■ What the task requires: Within the entries below, find the portion that opens with the line containing "printPerson(sb, (Person) history[0]);" and closes with the line containing "private void printPersonAtRevision(StringBuilder". Retype that portion exactly and only.

· · ·

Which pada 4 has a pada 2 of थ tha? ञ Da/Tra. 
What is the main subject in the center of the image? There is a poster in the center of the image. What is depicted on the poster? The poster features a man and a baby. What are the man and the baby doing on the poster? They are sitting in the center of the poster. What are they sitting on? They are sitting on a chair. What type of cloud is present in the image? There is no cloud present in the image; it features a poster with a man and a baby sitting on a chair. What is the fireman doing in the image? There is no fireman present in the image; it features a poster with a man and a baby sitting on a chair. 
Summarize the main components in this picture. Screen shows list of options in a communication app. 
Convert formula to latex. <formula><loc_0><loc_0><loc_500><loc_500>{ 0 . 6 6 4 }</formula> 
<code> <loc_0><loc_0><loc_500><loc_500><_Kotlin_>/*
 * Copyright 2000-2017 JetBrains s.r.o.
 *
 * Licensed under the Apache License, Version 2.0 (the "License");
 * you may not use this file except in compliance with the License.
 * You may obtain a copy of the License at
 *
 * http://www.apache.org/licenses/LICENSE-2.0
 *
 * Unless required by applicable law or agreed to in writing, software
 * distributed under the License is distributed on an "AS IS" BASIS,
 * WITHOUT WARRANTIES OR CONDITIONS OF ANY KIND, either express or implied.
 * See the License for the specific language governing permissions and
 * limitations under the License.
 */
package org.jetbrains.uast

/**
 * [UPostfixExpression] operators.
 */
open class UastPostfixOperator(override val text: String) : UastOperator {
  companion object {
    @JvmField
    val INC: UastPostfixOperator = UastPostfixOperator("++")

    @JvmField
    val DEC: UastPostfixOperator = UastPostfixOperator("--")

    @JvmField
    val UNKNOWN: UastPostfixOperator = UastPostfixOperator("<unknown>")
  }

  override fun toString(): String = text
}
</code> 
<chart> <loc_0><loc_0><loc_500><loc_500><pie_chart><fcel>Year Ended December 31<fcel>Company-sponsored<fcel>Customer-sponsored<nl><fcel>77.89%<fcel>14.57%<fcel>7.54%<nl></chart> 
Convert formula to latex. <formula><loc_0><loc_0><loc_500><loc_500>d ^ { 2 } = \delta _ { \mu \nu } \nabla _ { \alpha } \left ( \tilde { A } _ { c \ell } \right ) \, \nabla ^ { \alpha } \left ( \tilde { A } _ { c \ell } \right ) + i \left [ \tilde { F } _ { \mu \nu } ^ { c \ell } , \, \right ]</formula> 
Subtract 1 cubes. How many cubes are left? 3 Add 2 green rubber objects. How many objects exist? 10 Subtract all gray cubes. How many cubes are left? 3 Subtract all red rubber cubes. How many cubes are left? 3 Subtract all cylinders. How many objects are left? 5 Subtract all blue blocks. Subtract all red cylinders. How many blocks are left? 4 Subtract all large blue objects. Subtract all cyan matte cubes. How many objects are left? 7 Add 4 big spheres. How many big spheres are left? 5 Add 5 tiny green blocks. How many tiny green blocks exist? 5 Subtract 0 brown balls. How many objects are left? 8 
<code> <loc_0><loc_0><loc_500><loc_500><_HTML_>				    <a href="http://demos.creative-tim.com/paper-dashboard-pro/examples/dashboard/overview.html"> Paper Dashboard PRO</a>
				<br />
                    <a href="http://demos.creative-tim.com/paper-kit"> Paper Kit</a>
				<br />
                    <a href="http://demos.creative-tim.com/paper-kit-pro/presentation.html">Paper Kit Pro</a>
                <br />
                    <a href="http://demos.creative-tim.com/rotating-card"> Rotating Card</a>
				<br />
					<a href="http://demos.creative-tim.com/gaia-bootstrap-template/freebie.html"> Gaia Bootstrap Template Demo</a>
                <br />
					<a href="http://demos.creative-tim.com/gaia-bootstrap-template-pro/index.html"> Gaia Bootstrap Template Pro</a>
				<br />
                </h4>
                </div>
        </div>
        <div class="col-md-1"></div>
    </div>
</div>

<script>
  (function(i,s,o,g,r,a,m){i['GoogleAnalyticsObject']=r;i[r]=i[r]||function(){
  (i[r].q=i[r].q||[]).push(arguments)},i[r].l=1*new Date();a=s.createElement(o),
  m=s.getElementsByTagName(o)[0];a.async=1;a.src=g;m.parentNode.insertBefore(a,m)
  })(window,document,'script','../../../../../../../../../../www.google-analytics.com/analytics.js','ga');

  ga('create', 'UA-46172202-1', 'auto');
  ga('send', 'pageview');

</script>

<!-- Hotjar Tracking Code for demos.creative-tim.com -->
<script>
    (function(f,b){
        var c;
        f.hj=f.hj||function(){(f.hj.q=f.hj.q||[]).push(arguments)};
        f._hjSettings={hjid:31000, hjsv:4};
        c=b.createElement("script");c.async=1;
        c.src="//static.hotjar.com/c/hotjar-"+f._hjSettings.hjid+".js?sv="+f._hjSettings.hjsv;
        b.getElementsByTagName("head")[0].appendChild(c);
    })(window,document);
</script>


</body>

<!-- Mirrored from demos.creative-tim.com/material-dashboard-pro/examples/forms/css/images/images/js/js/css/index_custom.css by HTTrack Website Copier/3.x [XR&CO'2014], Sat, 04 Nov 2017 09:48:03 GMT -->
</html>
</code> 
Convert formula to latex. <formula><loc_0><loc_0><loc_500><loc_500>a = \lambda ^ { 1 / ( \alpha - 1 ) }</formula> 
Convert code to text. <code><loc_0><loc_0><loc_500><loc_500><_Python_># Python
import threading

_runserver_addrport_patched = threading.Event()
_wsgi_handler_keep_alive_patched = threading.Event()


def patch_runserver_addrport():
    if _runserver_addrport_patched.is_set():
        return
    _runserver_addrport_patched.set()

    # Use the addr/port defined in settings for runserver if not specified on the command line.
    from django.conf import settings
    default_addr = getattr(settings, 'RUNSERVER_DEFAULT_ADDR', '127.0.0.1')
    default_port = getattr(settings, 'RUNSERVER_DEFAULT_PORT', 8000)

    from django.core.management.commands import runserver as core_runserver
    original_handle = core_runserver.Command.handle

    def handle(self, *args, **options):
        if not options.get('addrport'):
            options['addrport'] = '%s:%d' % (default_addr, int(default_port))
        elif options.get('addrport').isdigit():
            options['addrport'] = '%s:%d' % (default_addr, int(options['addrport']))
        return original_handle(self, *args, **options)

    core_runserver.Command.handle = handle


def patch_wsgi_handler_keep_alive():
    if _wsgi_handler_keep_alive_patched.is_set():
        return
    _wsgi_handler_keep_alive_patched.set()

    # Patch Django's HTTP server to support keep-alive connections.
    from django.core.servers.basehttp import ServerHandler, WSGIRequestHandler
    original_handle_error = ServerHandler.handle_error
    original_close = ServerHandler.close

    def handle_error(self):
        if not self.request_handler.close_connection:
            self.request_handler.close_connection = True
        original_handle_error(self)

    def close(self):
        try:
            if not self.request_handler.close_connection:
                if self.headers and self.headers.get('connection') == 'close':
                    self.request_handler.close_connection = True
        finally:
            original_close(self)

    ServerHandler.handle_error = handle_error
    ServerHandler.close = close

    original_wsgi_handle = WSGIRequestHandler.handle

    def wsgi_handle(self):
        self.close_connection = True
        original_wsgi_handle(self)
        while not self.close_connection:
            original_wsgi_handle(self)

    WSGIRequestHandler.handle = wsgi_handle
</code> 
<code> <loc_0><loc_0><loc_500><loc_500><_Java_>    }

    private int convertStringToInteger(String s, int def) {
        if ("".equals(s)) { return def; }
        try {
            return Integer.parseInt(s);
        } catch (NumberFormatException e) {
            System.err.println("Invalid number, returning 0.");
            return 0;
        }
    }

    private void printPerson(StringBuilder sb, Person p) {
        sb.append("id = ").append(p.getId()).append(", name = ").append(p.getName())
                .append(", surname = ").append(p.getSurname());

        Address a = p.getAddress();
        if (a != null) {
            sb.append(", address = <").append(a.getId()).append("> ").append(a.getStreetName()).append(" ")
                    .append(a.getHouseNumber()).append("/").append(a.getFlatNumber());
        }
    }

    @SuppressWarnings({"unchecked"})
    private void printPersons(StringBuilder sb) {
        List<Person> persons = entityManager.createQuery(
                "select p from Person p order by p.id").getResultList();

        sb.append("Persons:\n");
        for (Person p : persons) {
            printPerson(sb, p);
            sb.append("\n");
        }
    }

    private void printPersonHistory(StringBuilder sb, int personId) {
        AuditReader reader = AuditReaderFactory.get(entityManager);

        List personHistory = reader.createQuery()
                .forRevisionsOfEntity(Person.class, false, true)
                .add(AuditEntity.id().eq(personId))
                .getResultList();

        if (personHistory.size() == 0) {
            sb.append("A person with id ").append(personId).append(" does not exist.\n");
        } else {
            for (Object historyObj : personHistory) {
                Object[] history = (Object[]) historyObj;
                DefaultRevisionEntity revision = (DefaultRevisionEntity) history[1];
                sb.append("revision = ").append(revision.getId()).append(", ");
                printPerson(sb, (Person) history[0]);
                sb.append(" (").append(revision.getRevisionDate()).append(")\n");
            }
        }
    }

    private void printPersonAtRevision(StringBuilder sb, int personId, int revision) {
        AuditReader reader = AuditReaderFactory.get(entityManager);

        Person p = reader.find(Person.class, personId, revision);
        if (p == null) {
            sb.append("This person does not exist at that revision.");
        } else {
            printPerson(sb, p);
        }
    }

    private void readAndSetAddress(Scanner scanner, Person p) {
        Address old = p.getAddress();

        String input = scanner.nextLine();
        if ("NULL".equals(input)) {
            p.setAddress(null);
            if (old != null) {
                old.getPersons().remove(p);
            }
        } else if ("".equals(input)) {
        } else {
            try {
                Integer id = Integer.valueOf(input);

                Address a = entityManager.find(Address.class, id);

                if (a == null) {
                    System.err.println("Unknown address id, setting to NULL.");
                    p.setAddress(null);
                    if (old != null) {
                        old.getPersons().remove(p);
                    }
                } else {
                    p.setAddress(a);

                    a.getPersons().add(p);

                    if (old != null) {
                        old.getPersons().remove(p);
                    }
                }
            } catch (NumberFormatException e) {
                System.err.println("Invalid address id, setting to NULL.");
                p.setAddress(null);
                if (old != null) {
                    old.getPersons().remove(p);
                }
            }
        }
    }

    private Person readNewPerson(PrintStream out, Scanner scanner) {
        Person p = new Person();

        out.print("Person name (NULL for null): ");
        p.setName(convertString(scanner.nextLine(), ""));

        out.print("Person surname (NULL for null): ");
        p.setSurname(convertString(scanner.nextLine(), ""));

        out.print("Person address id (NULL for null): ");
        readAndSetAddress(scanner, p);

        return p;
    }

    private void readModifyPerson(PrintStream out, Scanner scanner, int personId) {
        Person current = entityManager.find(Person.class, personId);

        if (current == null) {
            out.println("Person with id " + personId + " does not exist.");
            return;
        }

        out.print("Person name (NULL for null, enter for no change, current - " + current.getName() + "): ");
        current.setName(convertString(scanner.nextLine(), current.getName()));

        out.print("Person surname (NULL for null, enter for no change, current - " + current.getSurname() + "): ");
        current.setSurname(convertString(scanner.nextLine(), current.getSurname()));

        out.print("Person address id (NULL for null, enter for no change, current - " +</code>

· · ·

■ Output for this exercise:
                printPerson(sb, (Person) history[0]);
                sb.append(" (").append(revision.getRevisionDate()).append(")\n");
            }
        }
    }

    private void printPersonAtRevision(StringBuilder sb, int personId, int revision) {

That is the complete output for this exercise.